#### Exercise objective
Your task is to reproduce, exactly and only, the lines running from the line containing "msp.add_circle((257.01, 197.99), 2, dxfattribs=at)" to the end of the data below, both included.

[Record excerpts]

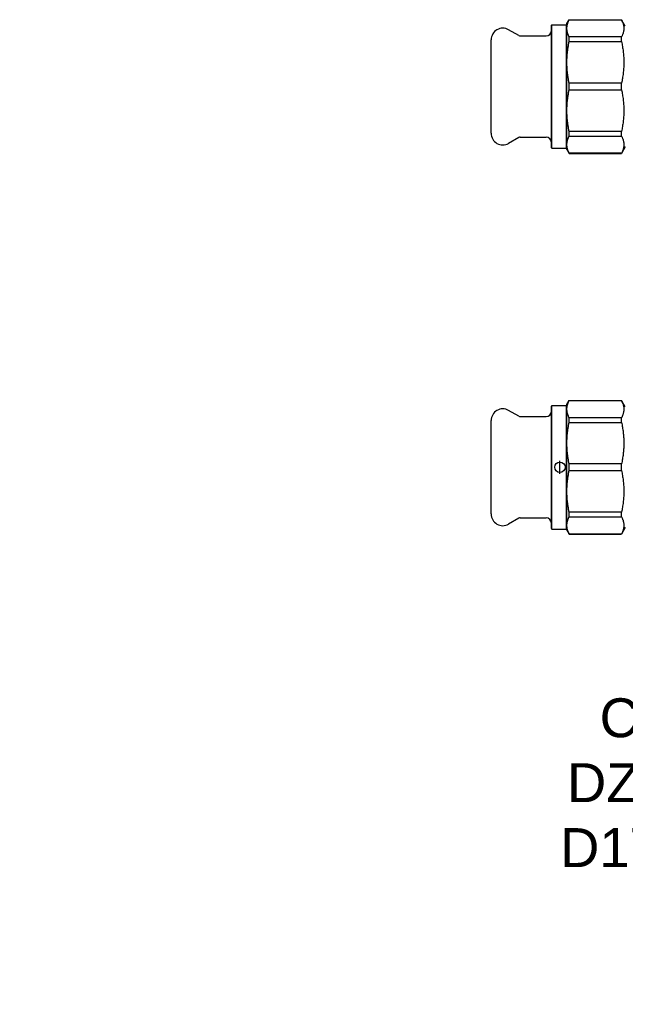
# Model space of a CAD drawing. Header units: millimetres. Extents: x 49 to 3494, y -9 to 375.
# Tile 1 of 9: x 49 to 282, y -9 to 370. Entities that reach past the tile are written whole.
import ezdxf

# ---------------------------------------------------------------- set-up
doc = ezdxf.new("R2010")
doc.units = ezdxf.units.MM
for name, color, linetype in [('DETAIL', 2, 'Continuous'), ('ORIGIN', 6, 'Continuous'), ('TEXT', 7, 'Continuous')]:
    doc.layers.add(name, color=color, linetype=linetype)
doc.styles.add('fastrack', font='ARIAL.TTF')

msp = doc.modelspace()

# ---------------------------------------------------------------- linework, layer by layer
at = {"layer": 'DETAIL'}
for p, q in [((253.71, 368.28), (253.91, 368.48)), ((253.71, 321.08), (253.71, 368.28)), ((253.91, 320.88), (253.91, 368.48)), ((253.91, 368.48), (259.51, 368.48)), ((259.51, 320.88), (259.51, 368.48)), ((259.71, 368.28), (259.51, 368.48)), ((259.71, 368.93), (260.58, 370.43)), ((259.71, 367.09), (259.71, 368.93)), ((260.58, 370.4), (260.58, 370.43)), ((260.58, 370.43), (280.77, 370.43)), ((260.58, 370.4), (280.77, 370.4)), ((280.77, 370.4), (280.77, 370.43)), ((282.21, 367.93), (280.77, 370.43)), ((241.18, 364.32), (237.26, 366.58)), ((241.68, 364.18), (251.71, 364.18)), ((259.71, 353.96), (259.71, 367.09)), ((230.51, 326.68), (230.51, 362.68)), ((280.77, 363.77), (260.58, 363.77)), ((260.58, 361.97), (260.58, 363.77)), ((260.58, 361.97), (280.77, 361.97)), ((280.77, 361.97), (280.77, 363.77)), ((259.71, 335.4), (259.71, 353.96)), ((280.77, 345.96), (260.58, 345.96)), ((260.58, 343.41), (260.58, 345.96)), ((280.77, 343.41), (280.77, 345.96)), ((260.58, 343.41), (280.77, 343.41)), ((259.71, 322.28), (259.71, 335.4)), ((280.77, 327.4), (260.58, 327.4)), ((260.58, 325.59), (260.58, 327.4)), ((280.77, 325.59), (280.77, 327.4)), ((241.18, 325.05), (237.26, 322.79)), ((241.68, 325.18), (251.71, 325.18)), ((260.58, 325.59), (280.77, 325.59)), ((253.71, 321.08), (253.91, 320.88)), ((253.91, 320.88), (259.51, 320.88)), ((259.71, 321.08), (259.51, 320.88)), ((259.71, 320.43), (259.71, 322.28)), ((259.71, 320.43), (260.58, 318.93)), ((280.77, 318.97), (260.58, 318.97)), ((260.58, 318.93), (260.58, 318.97)), ((260.58, 318.93), (280.77, 318.93)), ((282.21, 321.43), (280.77, 318.93)), ((280.77, 318.93), (280.77, 318.97)), ((253.71, 221.59), (253.91, 221.79)), ((253.71, 174.39), (253.71, 221.59)), ((253.91, 174.19), (253.91, 221.79)), ((253.91, 221.79), (259.51, 221.79)), ((259.51, 174.19), (259.51, 221.79)), ((259.71, 221.59), (259.51, 221.79)), ((259.71, 222.24), (260.58, 223.74)), ((259.71, 220.4), (259.71, 222.24)), ((259.71, 207.27), (259.71, 220.4)), ((260.58, 223.71), (260.58, 223.74)), ((260.58, 223.74), (280.77, 223.74)), ((260.58, 223.71), (280.77, 223.71)), ((280.77, 223.71), (280.77, 223.74)), ((282.21, 221.24), (280.77, 223.74)), ((241.18, 217.63), (237.26, 219.89)), ((241.68, 217.49), (251.71, 217.49)), ((280.77, 217.08), (260.58, 217.08)), ((260.58, 215.27), (260.58, 217.08)), ((280.77, 215.27), (280.77, 217.08)), ((230.51, 179.99), (230.51, 215.99)), ((260.58, 215.27), (280.77, 215.27)), ((259.71, 188.71), (259.71, 207.27)), ((280.77, 199.27), (260.58, 199.27)), ((260.58, 196.71), (260.58, 199.27)), ((280.77, 196.71), (280.77, 199.27)), ((260.58, 196.71), (280.77, 196.71)), ((259.71, 175.59), (259.71, 188.71)), ((241.18, 178.36), (237.26, 176.1)), ((241.68, 178.49), (251.71, 178.49)), ((280.77, 180.71), (260.58, 180.71)), ((260.58, 178.9), (260.58, 180.71)), ((260.58, 178.9), (280.77, 178.9)), ((280.77, 178.9), (280.77, 180.71)), ((259.71, 173.74), (259.71, 175.59)), ((282.21, 174.74), (280.77, 172.24)), ((253.71, 174.39), (253.91, 174.19)), ((253.91, 174.19), (259.51, 174.19)), ((259.71, 174.39), (259.51, 174.19)), ((259.71, 173.74), (260.58, 172.24)), ((280.77, 172.28), (260.58, 172.28)), ((260.58, 172.24), (260.58, 172.28)), ((260.58, 172.24), (280.77, 172.24)), ((280.77, 172.24), (280.77, 172.28))]:
    msp.add_line(p, q, dxfattribs=at)
at = {"layer": 'DETAIL', "flags": 128}
for points in [[(259.71, 367.09), (259.71, 367.23), (259.72, 367.36), (259.72, 367.5), (259.74, 367.64), (259.75, 367.78), (259.77, 367.92), (259.79, 368.06), (259.81, 368.19), (259.84, 368.33), (259.87, 368.47), (259.9, 368.61), (259.93, 368.75), (259.97, 368.89), (260.01, 369.02), (260.06, 369.16), (260.1, 369.3), (260.15, 369.44), (260.21, 369.58), (260.26, 369.72), (260.32, 369.85), (260.38, 369.99), (260.44, 370.13), (260.51, 370.27), (260.58, 370.4)], [(280.77, 370.4), (280.86, 370.21), (280.95, 370.01), (281.04, 369.82), (281.12, 369.63), (281.19, 369.43), (281.26, 369.24), (281.33, 369.04), (281.38, 368.85), (281.43, 368.66), (281.48, 368.46), (281.52, 368.27), (281.55, 368.07), (281.58, 367.88), (281.6, 367.68), (281.62, 367.49), (281.63, 367.29), (281.63, 367.1), (281.63, 366.9), (281.62, 366.71), (281.61, 366.51), (281.58, 366.31), (281.56, 366.12), (281.52, 365.92), (281.48, 365.73), (281.44, 365.53), (281.39, 365.33), (281.33, 365.14), (281.26, 364.94), (281.19, 364.75), (281.12, 364.55), (281.04, 364.36), (280.95, 364.16), (280.86, 363.97), (280.77, 363.77)], [(260.58, 363.77), (260.51, 363.91), (260.44, 364.05), (260.38, 364.19), (260.32, 364.33), (260.26, 364.46), (260.21, 364.6), (260.15, 364.74), (260.1, 364.88), (260.06, 365.01), (260.01, 365.15), (259.97, 365.29), (259.93, 365.43), (259.9, 365.57), (259.87, 365.7), (259.84, 365.84), (259.81, 365.98), (259.79, 366.12), (259.77, 366.26), (259.75, 366.4), (259.74, 366.53), (259.72, 366.67), (259.72, 366.81), (259.71, 366.95), (259.71, 367.09)], [(259.71, 353.96), (259.71, 354.3), (259.72, 354.63), (259.72, 354.96), (259.74, 355.3), (259.75, 355.63), (259.77, 355.97), (259.79, 356.3), (259.81, 356.63), (259.84, 356.97), (259.87, 357.3), (259.9, 357.64), (259.93, 357.97), (259.97, 358.31), (260.01, 358.64), (260.06, 358.97), (260.1, 359.31), (260.15, 359.64), (260.21, 359.97), (260.26, 360.31), (260.32, 360.64), (260.38, 360.97), (260.44, 361.3), (260.51, 361.63), (260.58, 361.97)], [(280.77, 361.97), (280.86, 361.5), (280.95, 361.03), (281.04, 360.56), (281.12, 360.09), (281.19, 359.62), (281.26, 359.16), (281.33, 358.69), (281.38, 358.22), (281.43, 357.75), (281.48, 357.28), (281.52, 356.81), (281.55, 356.34), (281.58, 355.87), (281.6, 355.4), (281.62, 354.93), (281.63, 354.46), (281.63, 353.98), (281.63, 353.51), (281.62, 353.04), (281.61, 352.57), (281.58, 352.1), (281.56, 351.62), (281.52, 351.15), (281.48, 350.68), (281.44, 350.2), (281.39, 349.73), (281.33, 349.26), (281.26, 348.79), (281.19, 348.31), (281.12, 347.84), (281.04, 347.37), (280.95, 346.9), (280.86, 346.43), (280.77, 345.96)], [(260.58, 345.96), (260.51, 346.3), (260.44, 346.63), (260.38, 346.96), (260.32, 347.29), (260.26, 347.63), (260.21, 347.96), (260.15, 348.29), (260.1, 348.62), (260.06, 348.96), (260.01, 349.29), (259.97, 349.62), (259.93, 349.96), (259.9, 350.29), (259.87, 350.62), (259.84, 350.96), (259.81, 351.29), (259.79, 351.62), (259.77, 351.96), (259.75, 352.29), (259.74, 352.63), (259.72, 352.96), (259.72, 353.3), (259.71, 353.63), (259.71, 353.96)], [(259.71, 335.4), (259.71, 335.74), (259.72, 336.07), (259.72, 336.4), (259.74, 336.74), (259.75, 337.07), (259.77, 337.41), (259.79, 337.74), (259.81, 338.07), (259.84, 338.41), (259.87, 338.74), (259.9, 339.08), (259.93, 339.41), (259.97, 339.75), (260.01, 340.08), (260.06, 340.41), (260.1, 340.75), (260.15, 341.08), (260.21, 341.41), (260.26, 341.75), (260.32, 342.08), (260.38, 342.41), (260.44, 342.74), (260.51, 343.07), (260.58, 343.41)], [(280.77, 343.41), (280.86, 342.94), (280.95, 342.47), (281.04, 342), (281.12, 341.53), (281.19, 341.06), (281.26, 340.6), (281.33, 340.13), (281.38, 339.66), (281.43, 339.19), (281.48, 338.72), (281.52, 338.25), (281.55, 337.78), (281.58, 337.31), (281.6, 336.84), (281.62, 336.37), (281.63, 335.9), (281.63, 335.42), (281.63, 334.95), (281.62, 334.48), (281.61, 334.01), (281.58, 333.54), (281.56, 333.06), (281.52, 332.59), (281.48, 332.12), (281.44, 331.64), (281.39, 331.17), (281.33, 330.7), (281.26, 330.23), (281.19, 329.75), (281.12, 329.28), (281.04, 328.81), (280.95, 328.34), (280.86, 327.87), (280.77, 327.4)], [(260.58, 327.4), (260.51, 327.74), (260.44, 328.07), (260.38, 328.4), (260.32, 328.73), (260.26, 329.07), (260.21, 329.4), (260.15, 329.73), (260.1, 330.06), (260.06, 330.4), (260.01, 330.73), (259.97, 331.06), (259.93, 331.4), (259.9, 331.73), (259.87, 332.06), (259.84, 332.4), (259.81, 332.73), (259.79, 333.06), (259.77, 333.4), (259.75, 333.73), (259.74, 334.07), (259.72, 334.4), (259.72, 334.74), (259.71, 335.07), (259.71, 335.4)], [(259.71, 322.28), (259.71, 322.42), (259.72, 322.56), (259.72, 322.69), (259.74, 322.83), (259.75, 322.97), (259.77, 323.11), (259.79, 323.25), (259.81, 323.39), (259.84, 323.52), (259.87, 323.66), (259.9, 323.8), (259.93, 323.94), (259.97, 324.08), (260.01, 324.22), (260.06, 324.36), (260.1, 324.49), (260.15, 324.63), (260.21, 324.77), (260.26, 324.91), (260.32, 325.04), (260.38, 325.18), (260.44, 325.32), (260.51, 325.46), (260.58, 325.59)], [(280.77, 325.59), (280.86, 325.4), (280.95, 325.21), (281.04, 325.01), (281.12, 324.82), (281.19, 324.62), (281.26, 324.43), (281.33, 324.24), (281.38, 324.04), (281.43, 323.85), (281.48, 323.65), (281.52, 323.46), (281.55, 323.26), (281.58, 323.07), (281.6, 322.87), (281.62, 322.68), (281.63, 322.48), (281.63, 322.29), (281.63, 322.09), (281.62, 321.9), (281.61, 321.7), (281.58, 321.51), (281.56, 321.31), (281.52, 321.11), (281.48, 320.92), (281.44, 320.72), (281.39, 320.53), (281.33, 320.33), (281.26, 320.14), (281.19, 319.94), (281.12, 319.74), (281.04, 319.55), (280.95, 319.35), (280.86, 319.16), (280.77, 318.97)], [(260.58, 318.97), (260.51, 319.1), (260.44, 319.24), (260.38, 319.38), (260.32, 319.52), (260.26, 319.65), (260.21, 319.79), (260.15, 319.93), (260.1, 320.07), (260.06, 320.21), (260.01, 320.34), (259.97, 320.48), (259.93, 320.62), (259.9, 320.76), (259.87, 320.9), (259.84, 321.03), (259.81, 321.17), (259.79, 321.31), (259.77, 321.45), (259.75, 321.59), (259.74, 321.73), (259.72, 321.86), (259.72, 322), (259.71, 322.14), (259.71, 322.28)], [(259.71, 220.4), (259.71, 220.54), (259.72, 220.67), (259.72, 220.81), (259.74, 220.95), (259.75, 221.09), (259.77, 221.23), (259.79, 221.36), (259.81, 221.5), (259.84, 221.64), (259.87, 221.78), (259.9, 221.92), (259.93, 222.06), (259.97, 222.2), (260.01, 222.33), (260.06, 222.47), (260.1, 222.61), (260.15, 222.75), (260.21, 222.89), (260.26, 223.02), (260.32, 223.16), (260.38, 223.3), (260.44, 223.44), (260.51, 223.57), (260.58, 223.71)], [(260.58, 217.08), (260.51, 217.22), (260.44, 217.36), (260.38, 217.5), (260.32, 217.63), (260.26, 217.77), (260.21, 217.91), (260.15, 218.05), (260.1, 218.19), (260.06, 218.32), (260.01, 218.46), (259.97, 218.6), (259.93, 218.74), (259.9, 218.88), (259.87, 219.01), (259.84, 219.15), (259.81, 219.29), (259.79, 219.43), (259.77, 219.57), (259.75, 219.7), (259.74, 219.84), (259.72, 219.98), (259.72, 220.12), (259.71, 220.26), (259.71, 220.4)], [(280.77, 223.71), (280.86, 223.52), (280.95, 223.32), (281.04, 223.13), (281.12, 222.94), (281.19, 222.74), (281.26, 222.55), (281.33, 222.35), (281.38, 222.16), (281.43, 221.96), (281.48, 221.77), (281.52, 221.58), (281.55, 221.38), (281.58, 221.19), (281.6, 220.99), (281.62, 220.8), (281.63, 220.6), (281.63, 220.41), (281.63, 220.21), (281.62, 220.01), (281.61, 219.82), (281.58, 219.62), (281.56, 219.43), (281.52, 219.23), (281.48, 219.04), (281.44, 218.84), (281.39, 218.64), (281.33, 218.45), (281.26, 218.25), (281.19, 218.06), (281.12, 217.86), (281.04, 217.67), (280.95, 217.47), (280.86, 217.28), (280.77, 217.08)], [(259.71, 207.27), (259.71, 207.61), (259.72, 207.94), (259.72, 208.27), (259.74, 208.61), (259.75, 208.94), (259.77, 209.28), (259.79, 209.61), (259.81, 209.94), (259.84, 210.28), (259.87, 210.61), (259.9, 210.95), (259.93, 211.28), (259.97, 211.61), (260.01, 211.95), (260.06, 212.28), (260.1, 212.62), (260.15, 212.95), (260.21, 213.28), (260.26, 213.62), (260.32, 213.95), (260.38, 214.28), (260.44, 214.61), (260.51, 214.94), (260.58, 215.27)], [(280.77, 215.27), (280.86, 214.81), (280.95, 214.34), (281.04, 213.87), (281.12, 213.4), (281.19, 212.93), (281.26, 212.46), (281.33, 212), (281.38, 211.53), (281.43, 211.06), (281.48, 210.59), (281.52, 210.12), (281.55, 209.65), (281.58, 209.18), (281.6, 208.71), (281.62, 208.24), (281.63, 207.76), (281.63, 207.29), (281.63, 206.82), (281.62, 206.35), (281.61, 205.88), (281.58, 205.4), (281.56, 204.93), (281.52, 204.46), (281.48, 203.99), (281.44, 203.51), (281.39, 203.04), (281.33, 202.57), (281.26, 202.1), (281.19, 201.62), (281.12, 201.15), (281.04, 200.68), (280.95, 200.21), (280.86, 199.74), (280.77, 199.27)], [(260.58, 199.27), (260.51, 199.6), (260.44, 199.94), (260.38, 200.27), (260.32, 200.6), (260.26, 200.93), (260.21, 201.27), (260.15, 201.6), (260.1, 201.93), (260.06, 202.27), (260.01, 202.6), (259.97, 202.93), (259.93, 203.27), (259.9, 203.6), (259.87, 203.93), (259.84, 204.27), (259.81, 204.6), (259.79, 204.93), (259.77, 205.27), (259.75, 205.6), (259.74, 205.94), (259.72, 206.27), (259.72, 206.6), (259.71, 206.94), (259.71, 207.27)], [(259.71, 188.71), (259.71, 189.05), (259.72, 189.38), (259.72, 189.71), (259.74, 190.05), (259.75, 190.38), (259.77, 190.72), (259.79, 191.05), (259.81, 191.38), (259.84, 191.72), (259.87, 192.05), (259.9, 192.39), (259.93, 192.72), (259.97, 193.05), (260.01, 193.39), (260.06, 193.72), (260.1, 194.06), (260.15, 194.39), (260.21, 194.72), (260.26, 195.05), (260.32, 195.39), (260.38, 195.72), (260.44, 196.05), (260.51, 196.38), (260.58, 196.71)], [(280.77, 196.71), (280.86, 196.25), (280.95, 195.78), (281.04, 195.31), (281.12, 194.84), (281.19, 194.37), (281.26, 193.9), (281.33, 193.43), (281.38, 192.97), (281.43, 192.5), (281.48, 192.03), (281.52, 191.56), (281.55, 191.09), (281.58, 190.62), (281.6, 190.15), (281.62, 189.68), (281.63, 189.2), (281.63, 188.73), (281.63, 188.26), (281.62, 187.79), (281.61, 187.32), (281.58, 186.84), (281.56, 186.37), (281.52, 185.9), (281.48, 185.43), (281.44, 184.95), (281.39, 184.48), (281.33, 184.01), (281.26, 183.53), (281.19, 183.06), (281.12, 182.59), (281.04, 182.12), (280.95, 181.65), (280.86, 181.18), (280.77, 180.71)], [(260.58, 180.71), (260.51, 181.04), (260.44, 181.38), (260.38, 181.71), (260.32, 182.04), (260.26, 182.37), (260.21, 182.71), (260.15, 183.04), (260.1, 183.37), (260.06, 183.71), (260.01, 184.04), (259.97, 184.37), (259.93, 184.71), (259.9, 185.04), (259.87, 185.37), (259.84, 185.71), (259.81, 186.04), (259.79, 186.37), (259.77, 186.71), (259.75, 187.04), (259.74, 187.38), (259.72, 187.71), (259.72, 188.04), (259.71, 188.38), (259.71, 188.71)], [(259.71, 175.59), (259.71, 175.73), (259.72, 175.87), (259.72, 176), (259.74, 176.14), (259.75, 176.28), (259.77, 176.42), (259.79, 176.56), (259.81, 176.7), (259.84, 176.83), (259.87, 176.97), (259.9, 177.11), (259.93, 177.25), (259.97, 177.39), (260.01, 177.53), (260.06, 177.66), (260.1, 177.8), (260.15, 177.94), (260.21, 178.08), (260.26, 178.22), (260.32, 178.35), (260.38, 178.49), (260.44, 178.63), (260.51, 178.77), (260.58, 178.9)], [(280.77, 178.9), (280.86, 178.71), (280.95, 178.52), (281.04, 178.32), (281.12, 178.13), (281.19, 177.93), (281.26, 177.74), (281.33, 177.55), (281.38, 177.35), (281.43, 177.16), (281.48, 176.96), (281.52, 176.77), (281.55, 176.57), (281.58, 176.38), (281.6, 176.18), (281.62, 175.99), (281.63, 175.79), (281.63, 175.6), (281.63, 175.4), (281.62, 175.21), (281.61, 175.01), (281.58, 174.81), (281.56, 174.62), (281.52, 174.42), (281.48, 174.23), (281.44, 174.03), (281.39, 173.84), (281.33, 173.64), (281.26, 173.44), (281.19, 173.25), (281.12, 173.05), (281.04, 172.86), (280.95, 172.66), (280.86, 172.47), (280.77, 172.28)], [(260.58, 172.28), (260.51, 172.41), (260.44, 172.55), (260.38, 172.69), (260.32, 172.83), (260.26, 172.96), (260.21, 173.1), (260.15, 173.24), (260.1, 173.38), (260.06, 173.51), (260.01, 173.65), (259.97, 173.79), (259.93, 173.93), (259.9, 174.07), (259.87, 174.21), (259.84, 174.34), (259.81, 174.48), (259.79, 174.62), (259.77, 174.76), (259.75, 174.9), (259.74, 175.04), (259.72, 175.17), (259.72, 175.31), (259.71, 175.45), (259.71, 175.59)]]:
    msp.add_lwpolyline(points, dxfattribs=at)
at = {"layer": 'DETAIL'}
for centre, radius, start, end in [((235.01, 362.68), 4.5, 60, 180), ((241.68, 365.18), 1, 240, 270), ((251.71, 366.18), 2, 270, 0), ((235.01, 326.68), 4.5, 180, 300), ((241.68, 324.18), 1, 90, 120), ((251.71, 323.18), 2, 0, 90), ((235.01, 215.99), 4.5, 60, 180), ((241.68, 218.49), 1, 240, 270), ((251.71, 219.49), 2, 270, 0), ((235.01, 179.99), 4.5, 180, 300), ((241.68, 177.49), 1, 90, 120), ((251.71, 176.49), 2, 0, 90)]:
    msp.add_arc(centre, radius, start, end, dxfattribs=at)
at = {"layer": 'ORIGIN'}
msp.add_line((257.01, 195.49), (257.01, 200.49), dxfattribs=at)
msp.add_circle((257.01, 197.99), 2, dxfattribs=at)

# ---------------------------------------------------------------- texts
at = {"layer": 'TEXT', "insert": (46.79, 108.97), "char_height": 15, "width": 610.7018, "attachment_point": 1, "style": 'fastrack'}
msp.add_mtext('\\pi225.51;CRANE LIMITED\\P\\pi212.95;DZR BALL VALVES\\P\\pi210.29;D171ALS-PF_35MM', dxfattribs=at)

doc.saveas('drawing.dxf')

[/Record excerpts]

#### Response for this exercise
msp.add_circle((257.01, 197.99), 2, dxfattribs=at)

# ---------------------------------------------------------------- texts
at = {"layer": 'TEXT', "insert": (46.79, 108.97), "char_height": 15, "width": 610.7018, "attachment_point": 1, "style": 'fastrack'}
msp.add_mtext('\\pi225.51;CRANE LIMITED\\P\\pi212.95;DZR BALL VALVES\\P\\pi210.29;D171ALS-PF_35MM', dxfattribs=at)

doc.saveas('drawing.dxf')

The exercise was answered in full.